Post by shortburst » Sat Jun 18, 2011 8:21 pm

Does the embassy indicate on Schengen visas something like VALID ONLY WHEN ACCOMPANYING THE SPOUSE?
To clarify the situation I wanted to go to Poland this summer, as a transit country, max 1 day but more likely few hours.
I contacted the Polish embassy regarding the documents I need for a visa.
The reply was though I'll be travelling with my son who is EU and has an Irish passport I'll need the following:
-non-refundable visa fee
-round trip ticket
-proof of sufficient funds for your stay in Poland
- proof of current occupation in Ireland
-a letter from my employer
-travel insurance with a coverage of at least 30.000 EUR
As far as I understand under the EU law they have no right to ask for these documents.
The visa should be free too
as under the Directive 2004/38/EC , article 2, definition 2c. Member States shall grant such persons every facility to obtain the necessary visas. Such visas shall be issued free of charge as soon as possible and on the basis of an accelerated procedure.

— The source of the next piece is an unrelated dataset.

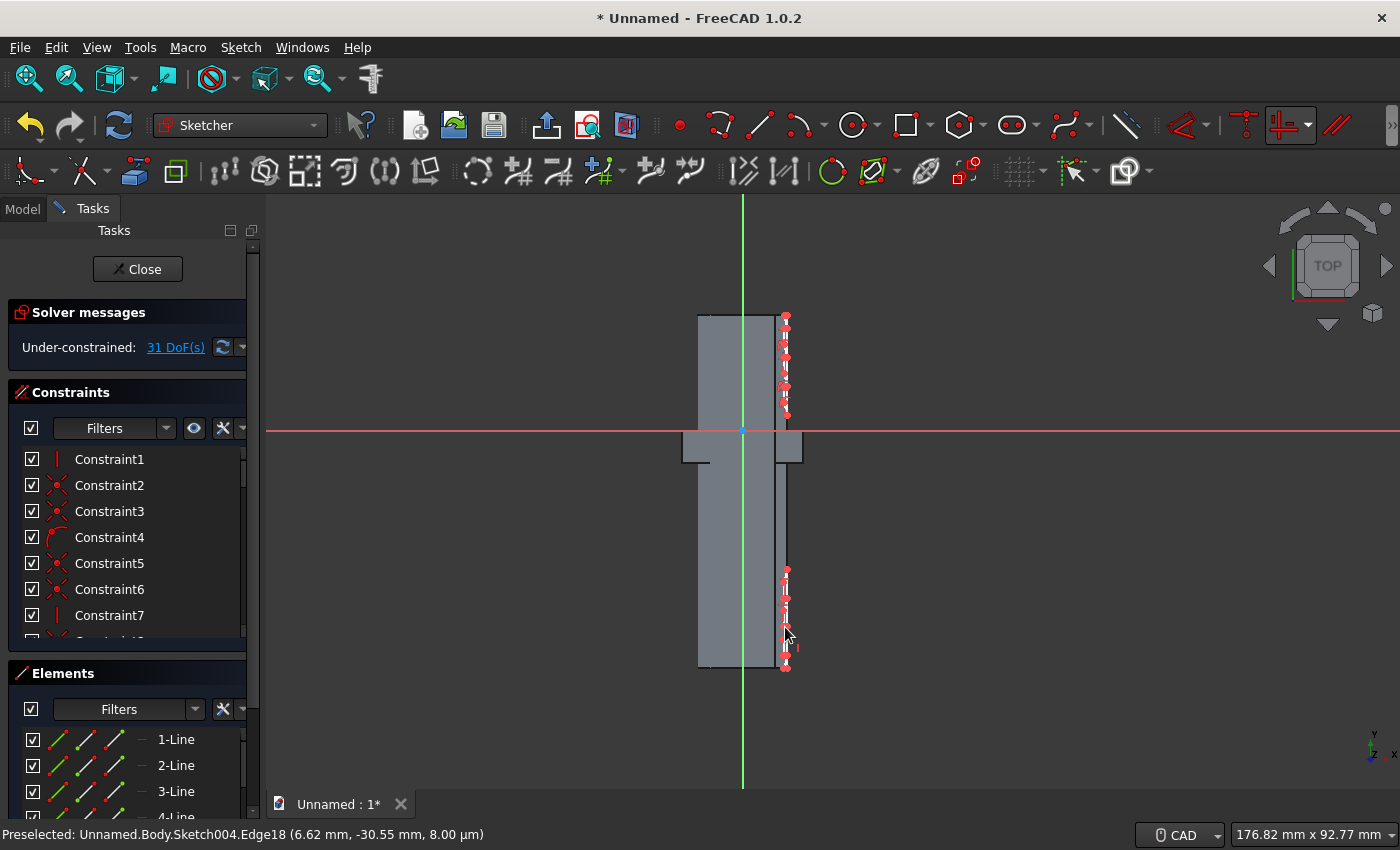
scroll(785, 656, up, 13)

But Polish embassy does not agree with this. They want money and they want all the documents. It is clearly breaching the EU free movement right. I contacted Europe Advice centre though they did agree with me, I can see they wouldn't bother to actually help.
So I am thinking to say that I'll be traveling with my husband and though I am still expected to prove most of the documents like proof of accommodation and so on, I'll avoid the fee. Though I am legally entitled to be exempt from it. So if I travel alone with my child, would they let me through the border. Can they say valid only with the spouse in the visa?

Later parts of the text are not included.